Aku berdiam memperhatikan batasan
pada ruangan tempatku berbaring, menampung air yang jatuh dari sudut mataku.
Dalam pikiranku, tak banyak yang aku pikirkan, tapi ketika aku mengingat satu
saja kenangan, bisa saja memenuhi otakku, berat dan sesak. Mungkin ini yang
orang sering bilang dengan sakit hati, merasakannya sendiri, memendamnya
sendiri dan tak akan ada yang bisa mengerti.
Aku masih saja menggerogoti
lukaku sendiri, tak berusaha menyembuhkan, malah aku pelihara dengan baik. Ah,
bodoh sekali, kehilangan seseorang begitu saja bisa seperti mengakhiri
semuanya. Aku tak yakin akan kapok jatuh cinta, justru malah memulainya lagi
mungkin. Dengan ketidakpastian yang sama, sampai Tuhan berkata “ini pilihanKu
untukmu”.
Aku bukan menyesali setiap
ke-jatuh cinta-anku pada seseorang, tapi yang tak pernah bisa habis pikir,
kenapa aku berani melukai perasaanku sendiri dan kemudian menangis hanya karena
kesalahanku sendiri? Lucu.
“Cinta itu harus memiliki” itulah
justru yang paling bisa diterima seharusnya, bukannya “Cinta tak harus memiliki”. Apapun, kalau sudah
dijauhkan, bagaimana bisa baik-baik saja? Aku tak benar-benar memakan pikiran
itu mentah-mentah, karena yang aku tau, ketika aku tak bisa memiliki seseorang,
tapi aku tetap mencintainya. Kadang justru aku rela merelakan seseorang itu
pada orang lain, bahkan pada temanku sendiri.
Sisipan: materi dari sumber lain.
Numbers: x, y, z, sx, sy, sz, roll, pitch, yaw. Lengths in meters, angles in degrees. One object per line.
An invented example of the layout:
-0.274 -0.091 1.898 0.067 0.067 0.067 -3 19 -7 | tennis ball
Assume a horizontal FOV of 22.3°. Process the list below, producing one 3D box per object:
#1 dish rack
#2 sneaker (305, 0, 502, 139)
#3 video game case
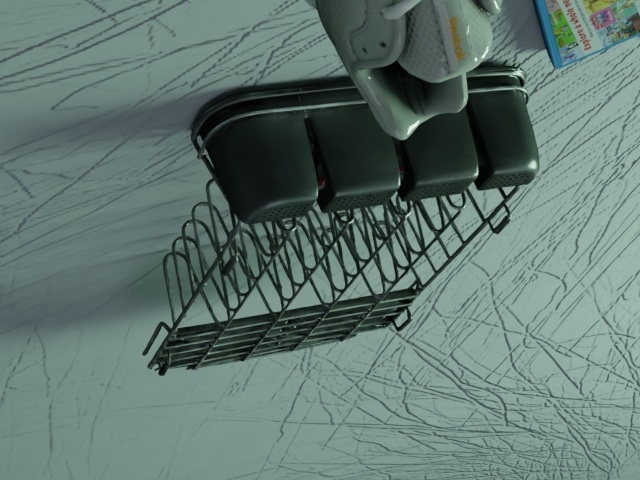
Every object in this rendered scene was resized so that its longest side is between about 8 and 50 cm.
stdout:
0.000 0.000 0.997 0.208 0.074 0.271 -7 156 -25 | dish rack
0.039 -0.135 0.652 0.099 0.121 0.262 -19 157 -3 | sneaker
0.195 -0.153 0.876 0.166 0.015 0.119 -23 158 6 | video game case
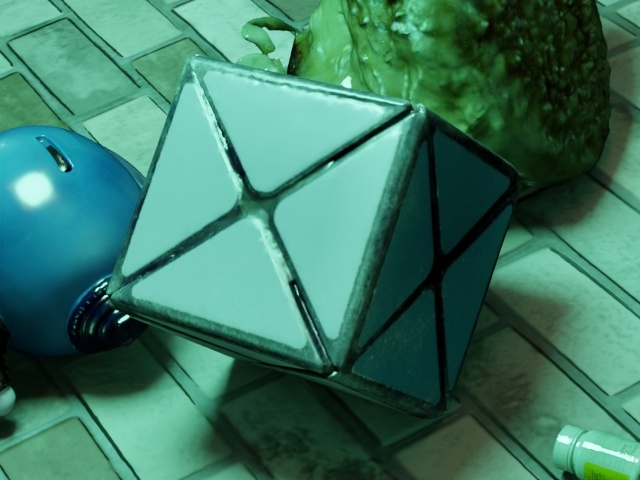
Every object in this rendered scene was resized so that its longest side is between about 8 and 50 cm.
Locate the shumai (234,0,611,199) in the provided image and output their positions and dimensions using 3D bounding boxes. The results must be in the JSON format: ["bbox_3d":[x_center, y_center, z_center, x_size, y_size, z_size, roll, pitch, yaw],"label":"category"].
[{"bbox_3d":[0.097,-0.203,2.046,0.348,0.395,0.395,-17,29,36],"label":"shumai"}]

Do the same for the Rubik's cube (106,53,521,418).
[{"bbox_3d":[0.000,0.000,1.755,0.255,0.260,0.259,14,86,31],"label":"Rubik's cube"}]

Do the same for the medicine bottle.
[{"bbox_3d":[0.247,0.191,1.687,0.083,0.047,0.047,15,44,30],"label":"medicine bottle"}]

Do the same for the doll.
[{"bbox_3d":[-0.300,0.024,1.894,0.310,0.240,0.284,-32,57,-18],"label":"doll"}]
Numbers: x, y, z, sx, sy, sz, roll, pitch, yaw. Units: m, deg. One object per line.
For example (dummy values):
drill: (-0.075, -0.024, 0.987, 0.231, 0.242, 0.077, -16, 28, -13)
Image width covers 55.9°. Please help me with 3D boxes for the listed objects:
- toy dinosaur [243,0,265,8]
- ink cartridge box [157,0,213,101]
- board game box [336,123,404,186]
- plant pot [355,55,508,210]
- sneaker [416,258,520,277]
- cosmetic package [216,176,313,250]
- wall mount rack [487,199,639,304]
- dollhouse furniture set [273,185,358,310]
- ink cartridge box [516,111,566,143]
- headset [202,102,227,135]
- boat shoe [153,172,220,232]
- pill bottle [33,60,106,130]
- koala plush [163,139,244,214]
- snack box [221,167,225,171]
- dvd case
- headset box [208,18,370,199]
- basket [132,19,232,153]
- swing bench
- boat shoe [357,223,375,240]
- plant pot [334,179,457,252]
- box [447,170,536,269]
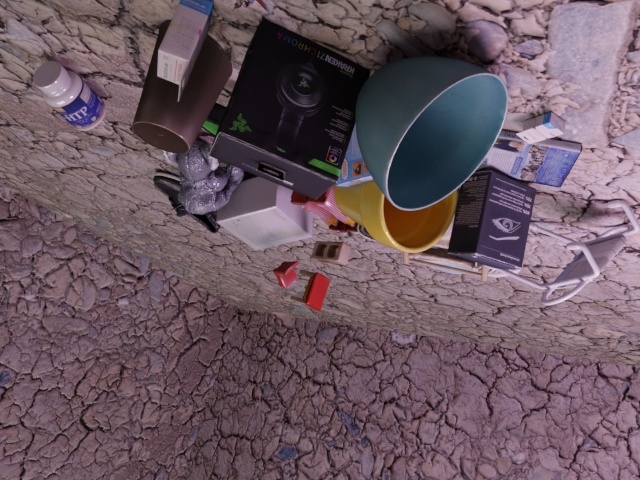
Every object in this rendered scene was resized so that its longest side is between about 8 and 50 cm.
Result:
toy dinosaur: (-0.118, -0.456, 1.076, 0.090, 0.047, 0.082, -11, 174, -41)
ink cartridge box: (-0.271, -0.377, 1.178, 0.061, 0.181, 0.104, 20, 161, -10)
board game box: (0.111, -0.216, 1.350, 0.039, 0.160, 0.211, 4, 172, -37)
plant pot: (0.179, -0.230, 1.144, 0.195, 0.290, 0.290, 48, 180, 33)
sneaker: (0.469, 0.047, 1.885, 0.366, 0.135, 0.150, 13, 171, 39)
cosmetic package: (-0.172, -0.089, 1.924, 0.224, 0.138, 0.224, -14, 149, 25)
wall mount rack: (0.598, 0.022, 1.499, 0.130, 0.350, 0.304, 57, 150, -4)
dollhouse furniture set: (0.000, 0.000, 1.748, 0.152, 0.374, 0.201, 4, 160, 46)
ink cartridge box: (0.447, -0.228, 1.227, 0.048, 0.028, 0.083, 27, 159, -27)
headset: (-0.124, -0.257, 1.502, 0.394, 0.185, 0.243, 28, 177, -2)
boat shoe: (-0.481, -0.128, 2.201, 0.127, 0.113, 0.340, 3, 158, 36)
pill bottle: (-0.671, -0.387, 1.613, 0.112, 0.112, 0.187, 10, 161, 19)
koala plush: (-0.354, -0.209, 1.772, 0.196, 0.203, 0.221, 12, 150, 11)
snack box: (-0.307, -0.146, 2.080, 0.187, 0.060, 0.322, 3, 157, 33)
dvd case: (0.437, -0.189, 1.364, 0.253, 0.022, 0.180, 13, 162, 12)
headset box: (-0.064, -0.248, 1.213, 0.246, 0.283, 0.131, 22, 161, -15)
basket: (-0.307, -0.319, 1.310, 0.154, 0.227, 0.204, 8, 159, 25)
swing bench: (0.356, -0.024, 1.691, 0.253, 0.165, 0.255, 11, 162, 20)
boat shoe: (0.197, -0.025, 1.605, 0.219, 0.078, 0.070, 6, -164, 21)
plant pot: (0.168, -0.114, 1.502, 0.254, 0.254, 0.239, 31, 171, -37)
box: (0.414, -0.046, 1.460, 0.153, 0.207, 0.108, 18, 172, -26)

Aku menata satu persatu kepingan
yang telah hancur, menempelkannya dengan hati-hati. Lalu, aku kembali
mengingat, apa benar aku sudah merelakannya untuk pergi? Sudahkah aku mengikhlaskannya
untuk temanku sendiri? Apa harus aku merebutnya dan aku mengatakan bahwa aku
harus memilikinya? Iya, aku benar-benar tak rela sepertinya. Aku yang
mengungkit-ngungkit kenangan. Aku yang menyakiti perasaanku sendiri.
Kalau memang cinta tak harus memiliki,
seharusnya tak usah memikirkan, tak usah mengejar, tak usah mencari perhatian.
Tapi kenyataan berbeda bukan? Tetap saja memikirkan bagaimana caranya memiliki,
menghubunginya walaupun hanya sekedar basa-basi, menanyakan kabarnya walaupun
berujung pengabaian, mencari matanya ketika hilang dari pandangan, mengkoreksi
semua statusnya di sosial media.
Ketika kamu bilang cinta tak
harus memiliki, itu kan hanya akal-akalanmu saja biar kelihatan tegar. Berusaha
melupakan rasa sakit yang sebenarnya tak bisa. Berusaha membunuh kesepian
padahal lukamu sedang ramai menggerogoti. Berusaha ikhlas padahal hatimu geram.
Seharusnya kamu sudah bisa menertawakan kelakuanmu sendiri, bodoh.
Cinta itu harus memiliki. Cinta
harus diperjuangkan. Cinta itu harus dikejar, sampai dapat. Jatuh cinta saja
dulu, ditinggalkannya belakangan. Miliki saja orangnya dulu, sakit hatinya
belakangan. Walaupun sakit hati, setidaknya sudah pernah memiliki. Walaupun tak
direstui, setidaknya sudah tau rasanya dihalangi. Walaupun terhalang jarak,
setidaknya sudah tau rasanya rindu.
Bisa saja dibingungkan oleh “cinta”,
tertawa saja sepuasnya kalau memang sudah merasa dipermainkan oleh satu kata
yang banyak sekali orang tak tau artinya.